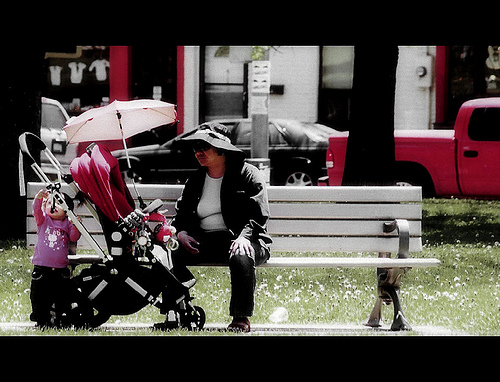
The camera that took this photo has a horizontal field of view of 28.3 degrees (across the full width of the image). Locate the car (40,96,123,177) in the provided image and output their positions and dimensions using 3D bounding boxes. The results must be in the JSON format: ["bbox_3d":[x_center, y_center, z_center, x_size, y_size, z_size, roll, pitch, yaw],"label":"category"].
[{"bbox_3d":[-2.895,-0.876,16.446,1.174,1.299,2.248,-1,7,3],"label":"car"}]

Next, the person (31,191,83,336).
[{"bbox_3d":[-1.841,0.633,9.259,0.441,1.298,0.366,3,10,16],"label":"person"}]

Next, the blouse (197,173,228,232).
[{"bbox_3d":[-0.374,0.098,9.459,0.264,0.532,0.301,1,6,-9],"label":"blouse"}]

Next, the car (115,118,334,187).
[{"bbox_3d":[-0.358,-0.646,16.237,3.184,1.177,1.429,2,1,2],"label":"car"}]

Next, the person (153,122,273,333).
[{"bbox_3d":[-0.305,0.312,9.275,0.967,1.833,0.705,5,11,29],"label":"person"}]

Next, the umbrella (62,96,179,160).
[{"bbox_3d":[-1.265,-0.610,9.649,1.087,0.571,0.545,-2,10,-12],"label":"umbrella"}]
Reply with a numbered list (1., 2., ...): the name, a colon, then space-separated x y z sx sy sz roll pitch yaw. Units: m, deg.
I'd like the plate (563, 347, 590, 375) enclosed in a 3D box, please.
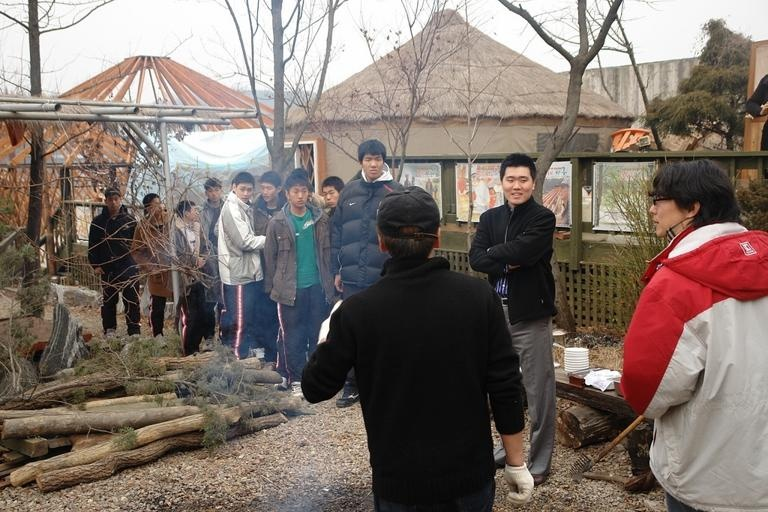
1. plate: 1.793 0.989 5.413 0.222 0.230 0.222 4 -5 -44
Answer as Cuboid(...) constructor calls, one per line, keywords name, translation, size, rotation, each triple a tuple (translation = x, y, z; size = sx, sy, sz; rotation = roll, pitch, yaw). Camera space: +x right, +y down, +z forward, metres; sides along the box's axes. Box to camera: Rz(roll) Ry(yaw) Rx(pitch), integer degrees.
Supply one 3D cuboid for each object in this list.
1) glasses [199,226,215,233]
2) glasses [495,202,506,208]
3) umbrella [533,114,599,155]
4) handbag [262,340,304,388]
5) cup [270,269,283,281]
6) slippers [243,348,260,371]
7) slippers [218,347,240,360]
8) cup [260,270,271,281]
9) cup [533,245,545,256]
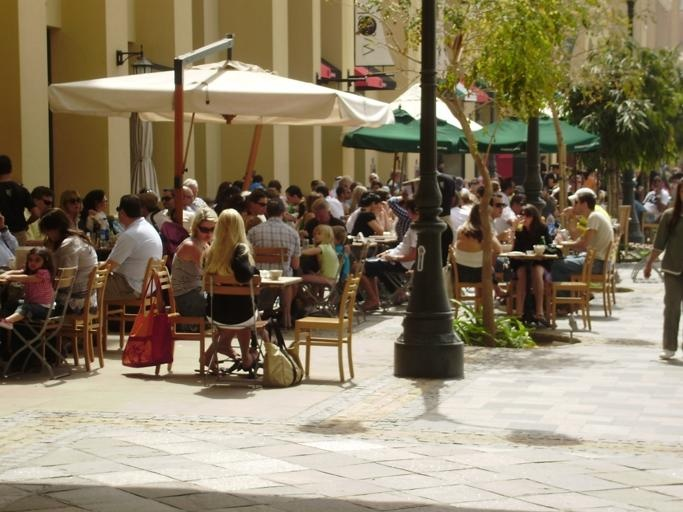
Cuboid(name="glasses", translation=(-1.646, -0.322, 11.418), size=(0.139, 0.089, 0.264), rotation=(4, 6, 29))
Cuboid(name="glasses", translation=(2.936, -0.934, 17.089), size=(0.223, 0.072, 0.225), rotation=(1, 2, 33))
Cuboid(name="umbrella", translation=(4.939, -2.564, 20.023), size=(1.066, 0.471, 1.061), rotation=(2, 2, 0))
Cuboid(name="handbag", translation=(-0.639, 1.273, 10.515), size=(0.426, 0.549, 0.771), rotation=(-6, -9, 26))
Cuboid(name="cup", translation=(-0.815, 0.238, 11.522), size=(0.117, 0.082, 0.123), rotation=(0, 7, 0))
Cuboid(name="slippers", translation=(-1.030, 1.189, 10.665), size=(0.111, 0.214, 0.300), rotation=(3, 14, 9))
Cuboid(name="slippers", translation=(-1.316, 1.141, 10.781), size=(0.266, 0.101, 0.094), rotation=(20, 21, -8))
Cuboid(name="cup", translation=(-0.971, 0.251, 11.690), size=(0.125, 0.081, 0.115), rotation=(1, 4, 0))
Cuboid(name="cup", translation=(3.024, -0.075, 14.075), size=(0.146, 0.116, 0.149), rotation=(1, -1, 0))
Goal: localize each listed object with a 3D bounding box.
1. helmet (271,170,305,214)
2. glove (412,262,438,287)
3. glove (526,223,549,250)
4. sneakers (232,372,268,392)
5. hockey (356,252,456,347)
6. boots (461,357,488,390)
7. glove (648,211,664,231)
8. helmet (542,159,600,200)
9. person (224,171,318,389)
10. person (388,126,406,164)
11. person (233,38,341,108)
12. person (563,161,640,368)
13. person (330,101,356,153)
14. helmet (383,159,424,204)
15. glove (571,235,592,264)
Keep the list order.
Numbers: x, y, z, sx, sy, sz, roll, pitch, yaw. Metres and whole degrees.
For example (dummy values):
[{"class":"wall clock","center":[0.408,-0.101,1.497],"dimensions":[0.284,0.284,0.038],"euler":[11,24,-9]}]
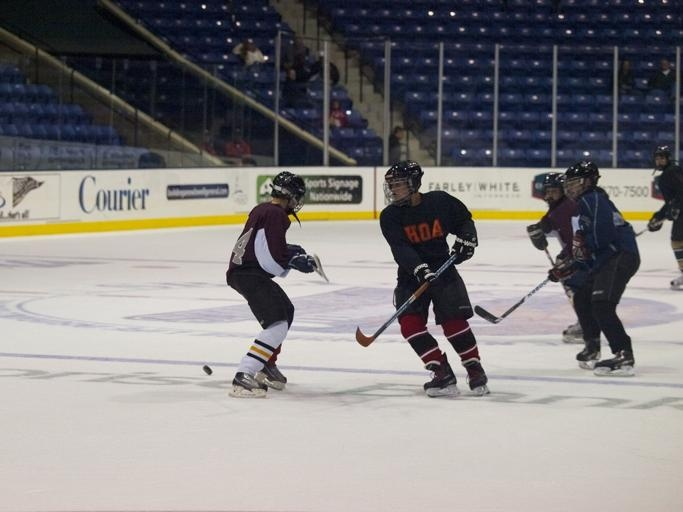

# [What is being asked]
Which lines of the material above hold the string "helmet"? Pull them out.

# [Output]
1. helmet (271,170,305,214)
8. helmet (542,159,600,200)
14. helmet (383,159,424,204)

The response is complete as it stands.